As the global race to find a vaccine for the coronavirus heats up, British researchers say immunizations may be more effective if delivered through a nasal spray as opposed to an injection, reports said.
Scientists from Oxford University and Imperial College London — who are currently undergoing human trials of COVID-19 vaccines administered through an injection — are planning to launch a second wave of studies looking into “mucosal immunization,” the Daily Mail reported.
“At the moment most of the vaccines are being delivered by conventional intramuscular injection… The reason is that’s the easiest and fastest to get off the starting blocks and into studies.
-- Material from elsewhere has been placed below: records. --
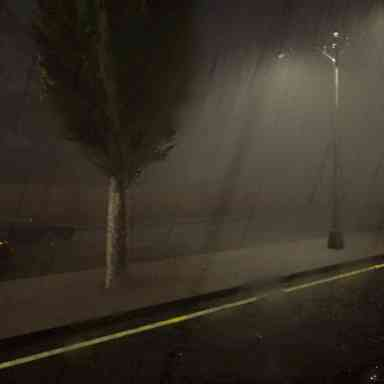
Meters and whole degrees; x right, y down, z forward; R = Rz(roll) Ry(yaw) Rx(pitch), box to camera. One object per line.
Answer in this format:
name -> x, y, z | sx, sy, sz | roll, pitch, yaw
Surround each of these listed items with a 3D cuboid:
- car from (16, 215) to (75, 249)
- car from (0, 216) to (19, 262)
car -> -7.188, 1.602, 12.958 | 4.718, 1.301, 1.895 | 0, 0, -35
car -> -7.281, 1.526, 8.605 | 4.674, 1.442, 1.812 | 0, 0, -35
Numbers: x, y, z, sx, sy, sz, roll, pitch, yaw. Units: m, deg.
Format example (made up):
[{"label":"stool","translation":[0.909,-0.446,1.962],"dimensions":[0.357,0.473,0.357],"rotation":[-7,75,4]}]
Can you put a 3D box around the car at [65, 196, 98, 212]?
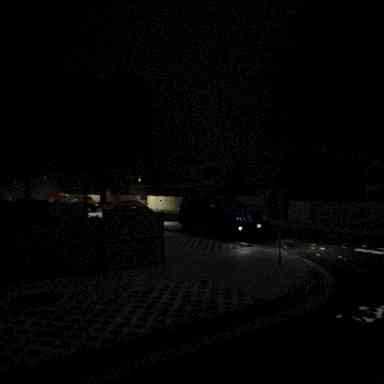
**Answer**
[{"label":"car","translation":[-11.627,1.427,35.428],"dimensions":[1.895,1.301,4.718],"rotation":[0,0,-35]}]

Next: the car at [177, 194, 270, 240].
[{"label":"car","translation":[1.409,1.159,17.197],"dimensions":[2.150,2.045,5.566],"rotation":[0,0,-36]}]

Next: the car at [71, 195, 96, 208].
[{"label":"car","translation":[-14.598,1.261,44.543],"dimensions":[1.882,1.535,5.008],"rotation":[0,0,-35]}]

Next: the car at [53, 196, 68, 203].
[{"label":"car","translation":[-20.511,1.287,52.718],"dimensions":[2.033,1.411,5.357],"rotation":[0,0,-36]}]

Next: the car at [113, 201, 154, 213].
[{"label":"car","translation":[-4.568,1.410,25.553],"dimensions":[1.812,1.442,4.674],"rotation":[0,0,-36]}]
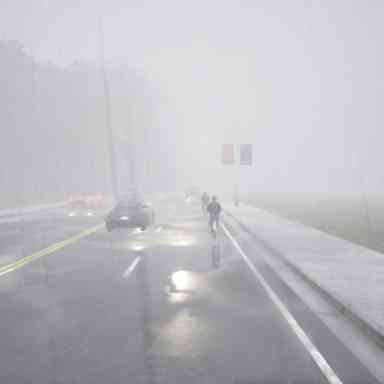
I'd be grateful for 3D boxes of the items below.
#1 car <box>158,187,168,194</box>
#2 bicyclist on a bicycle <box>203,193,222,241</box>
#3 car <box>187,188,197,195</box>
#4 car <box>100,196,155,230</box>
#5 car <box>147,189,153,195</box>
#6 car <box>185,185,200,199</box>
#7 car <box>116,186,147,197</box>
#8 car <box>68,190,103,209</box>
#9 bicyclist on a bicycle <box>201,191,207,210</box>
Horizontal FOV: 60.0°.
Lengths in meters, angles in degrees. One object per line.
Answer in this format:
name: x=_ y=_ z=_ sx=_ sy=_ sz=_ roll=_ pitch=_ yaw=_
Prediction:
car: x=-6.475 y=-0.265 z=74.910 sx=2.128 sy=1.511 sz=4.902 roll=0 pitch=1 yaw=0
bicyclist on a bicycle: x=0.898 y=1.044 z=13.560 sx=0.659 sy=1.776 sz=1.843 roll=0 pitch=2 yaw=0
car: x=0.025 y=-0.165 z=73.664 sx=1.994 sy=1.385 sz=4.181 roll=0 pitch=1 yaw=0
car: x=-3.143 y=1.143 z=17.543 sx=1.994 sy=1.385 sz=4.181 roll=0 pitch=1 yaw=0
car: x=-9.726 y=-0.110 z=72.870 sx=1.895 sy=1.301 sz=4.718 roll=0 pitch=1 yaw=0
car: x=0.117 y=-0.023 z=52.698 sx=2.150 sy=2.045 sz=5.566 roll=0 pitch=1 yaw=0
car: x=-6.584 y=0.378 z=35.443 sx=2.150 sy=2.045 sz=5.566 roll=0 pitch=1 yaw=0
car: x=-9.834 y=0.612 z=31.003 sx=2.097 sy=1.767 sz=4.553 roll=0 pitch=1 yaw=0
bicyclist on a bicycle: x=0.901 y=0.826 z=22.758 sx=0.659 sy=1.776 sz=1.843 roll=0 pitch=2 yaw=0
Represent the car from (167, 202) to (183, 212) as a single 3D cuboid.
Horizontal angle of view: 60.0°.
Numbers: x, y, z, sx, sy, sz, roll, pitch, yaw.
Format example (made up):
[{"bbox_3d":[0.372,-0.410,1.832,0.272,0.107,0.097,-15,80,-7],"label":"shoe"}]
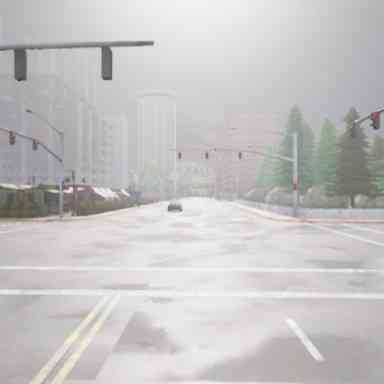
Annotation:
[{"bbox_3d":[-2.273,1.995,44.706,1.895,1.301,4.718,0,-1,2],"label":"car"}]

But a number of us [are] interested in looking at mucosal immunization, as well,” Professor Robin Shattock, an immunologist at Imperial, told the UK House of Commons Science and Technology Committee.
“And certainly [Oxford’s] Professor Gilbert and myself are already in discussion as to how we might be able to move that as a second wave of clinical study.”
Sarah Gilbert, a professor of vaccinology at Oxford, added vaccines delivered orally or nasally “would have much stronger mucosal response,” which is “probably really important in the protection against respiratory pathogens.”
However, Gilbert said it’s “very difficult to study and we’re not yet very good at measuring it.”
“But, as Professor Shattock said, we’re very interested in looking at delivery to the respiratory tract, either intranasal delivery [via a nasal spray] or aerosol delivery [using an inhaler],” Gilbert said, according to the Daily Mail.
“This takes the vaccine itself right down into the lungs where it can access the same tissue that would be reached by the virus infection.”
In addition, elderly people, who are most at risk from dying of COVID-19, don’t respond to traditional vaccines as well as younger, healthier people do but could respond better with a mucosal immunization because it directly protects the lungs, the outlet reported.
Currently, Oxford is leading the charge for a COVID-19 cure and their vaccine is currently being tested on more than 10,000 people in Britain, Brazil and South Africa, the outlet reported.